Just a note - the amp was built exactly like in the schematic, with an exception of the Schottky diodes.
Instead of MBR735, I used SBR10U45
https://www.digikey.com/en/products/detail/diodes-incorporated/SBR10U45SD1-T/4250086
MBR735 was used in the sim, because its model is built in LTSpice.
Instead of MBR735, I used SBR10U45
https://www.digikey.com/en/products/detail/diodes-incorporated/SBR10U45SD1-T/4250086
MBR735 was used in the sim, because its model is built in LTSpice.
It's a leftover from lt spice open loop gain simulation. Ignore it, and treat it as a continuous wire connection.
Probably “better” result than 2N3055’s - right up till they blow out. TIP35’s only real weakness is poor SOA. Not only is the breakpoint low (30V), but falls faster than anything I’ve ever seen except for the MJ1103x series darlingtons. And they mean it too - they’re not just sandbagging. At lower voltage the will drive all kinds of current and still not run out of gain but that voltage limitation is a b****.
They used to. Even the ST data sheet. Looks like it’s gone now. The breakpoint is at 30V and it falls like a stone. Even the old 2N6488 holds up better at 40V. TIP142 is more rugged. But unfortunately, darlington which isn’t ideal in this design. On 30V rails they are fine, and the amp will drive 2 ohms without running out of gain or frying drivers. 40V supplies and 4 ohms is instant death, lot of horror stories about people using them for guitar amps and giving up on them.
TIP35 does have nice flat hFE curves out to 10A without that annoying fall off at low current. I have the 35/36 in an amp with a single 48V supply (and output capacitor). And in a lot of store bought car amps.
TIP35 does have nice flat hFE curves out to 10A without that annoying fall off at low current. I have the 35/36 in an amp with a single 48V supply (and output capacitor). And in a lot of store bought car amps.

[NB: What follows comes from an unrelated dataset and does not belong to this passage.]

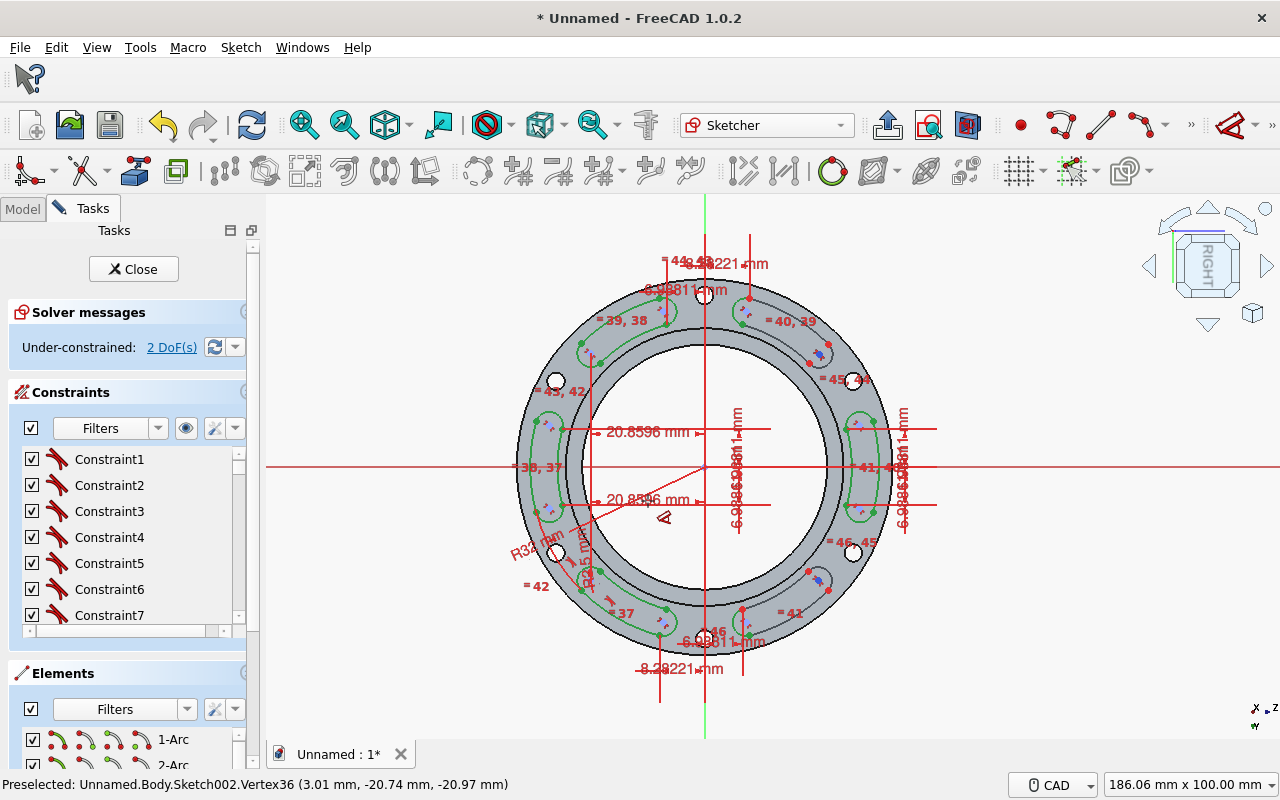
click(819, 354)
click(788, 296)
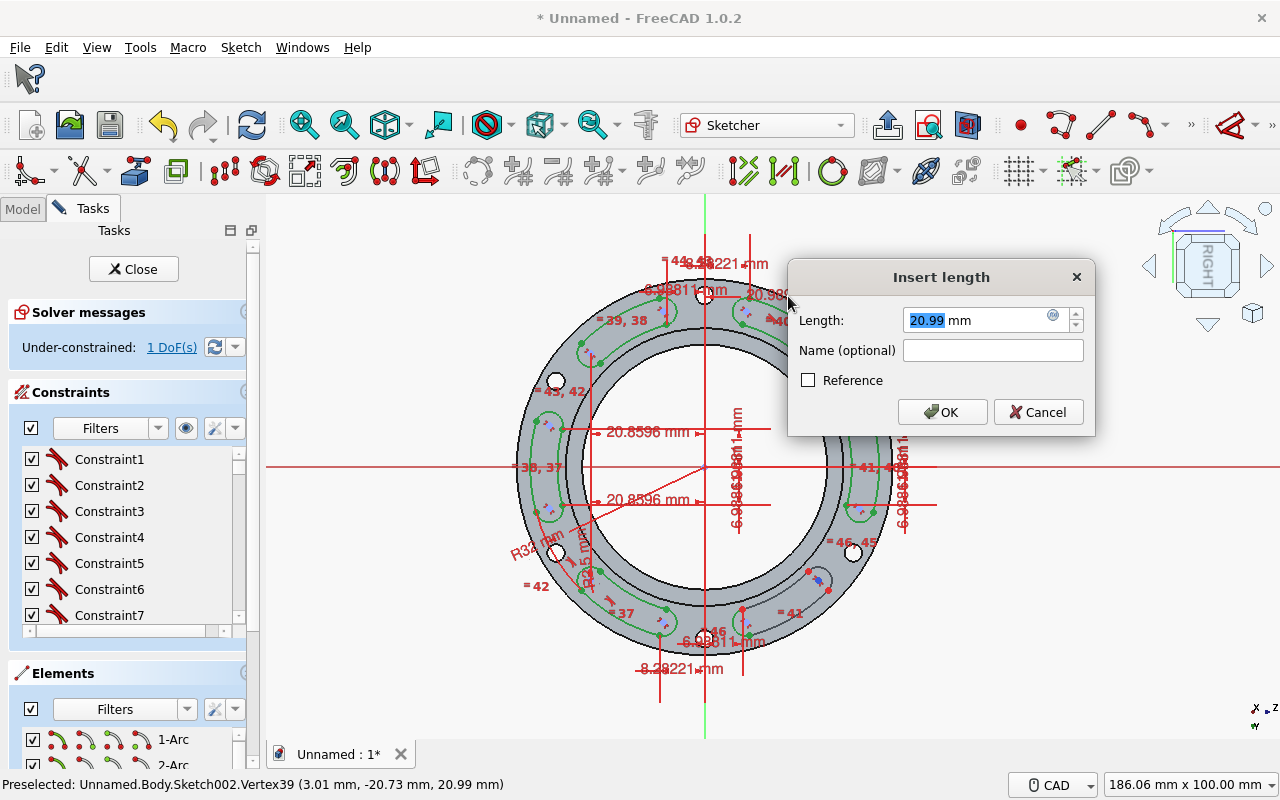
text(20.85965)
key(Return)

And the 10 ms curve doesn’t give you ANY meaningful headroom. Most types are way better about that.
Just finished another op-amp Circlophone build (for my sister), this time with active cooling.
Same schematic and PCB, but output devices are plastic.
Works great, and running cooler.
Also tried different, 2-layer aluminum chassis that is less time consuming to machine.
Same schematic and PCB, but output devices are plastic.
Works great, and running cooler.
Also tried different, 2-layer aluminum chassis that is less time consuming to machine.